He ain't taking you through there like. Or. There was a time he was. What are the desires now that you want to try that you're afraid to tell him or her that you want to try these things because you don't know how they're going to perceive it.
We can fuck, but we can't have these conversations.
And so when you have this level of intimacy, you got to be vulnerable enough to be able to say, this ain't working, or, okay, my homegirl was telling me about, you know, she did this.
I'm just giving an example.
[00:17:50] Speaker A: Yeah, okay.
[00:17:54] Speaker B: I went. Let's just say I went to conversations over cocktails, right?
And I'm coming back home to my man. I went to conversations over cocktails, and this couple was talking about how they enjoy.

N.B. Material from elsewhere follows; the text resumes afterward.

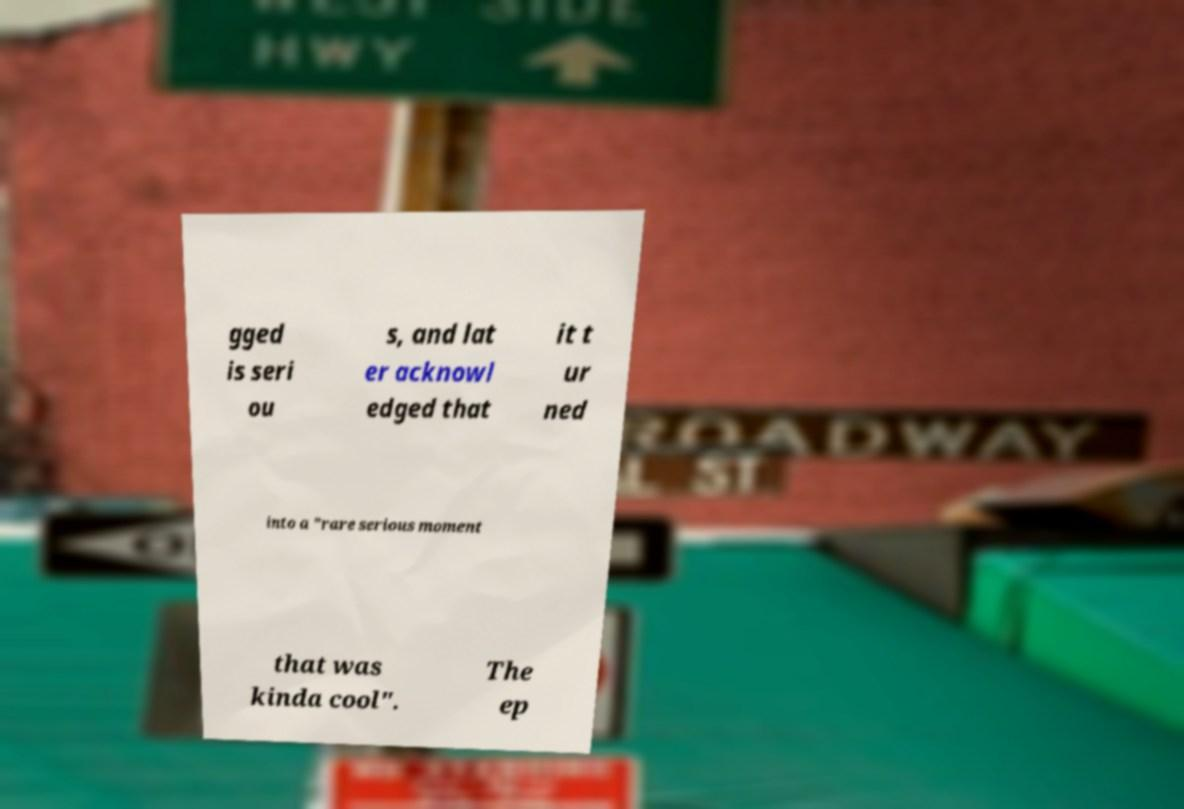There's text embedded in this image that I need extracted. Can you transcribe it verbatim? gged is seri ou s, and lat er acknowl edged that it t ur ned into a "rare serious moment that was kinda cool". The ep 
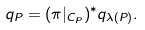<formula> <loc_0><loc_0><loc_500><loc_500>q _ { P } = ( \pi | _ { C _ { P } } ) ^ { * } q _ { \lambda ( P ) } .</formula>

Or her husband enjoys getting his asshole licked. And she was saying how that's exciting for her, and I want to try that. Like, you got to be in a vulnerable space to be able to ask that. Depending on a man now, you don't know what his response is going to be. Or, you know, my girlfriend, you a guy. You go back and these are things that we've talked about in conversations over cocktails. You know, go back and say, hey, today we talked in conversations over cocktails. We were talking about how, like, the flame has died on us.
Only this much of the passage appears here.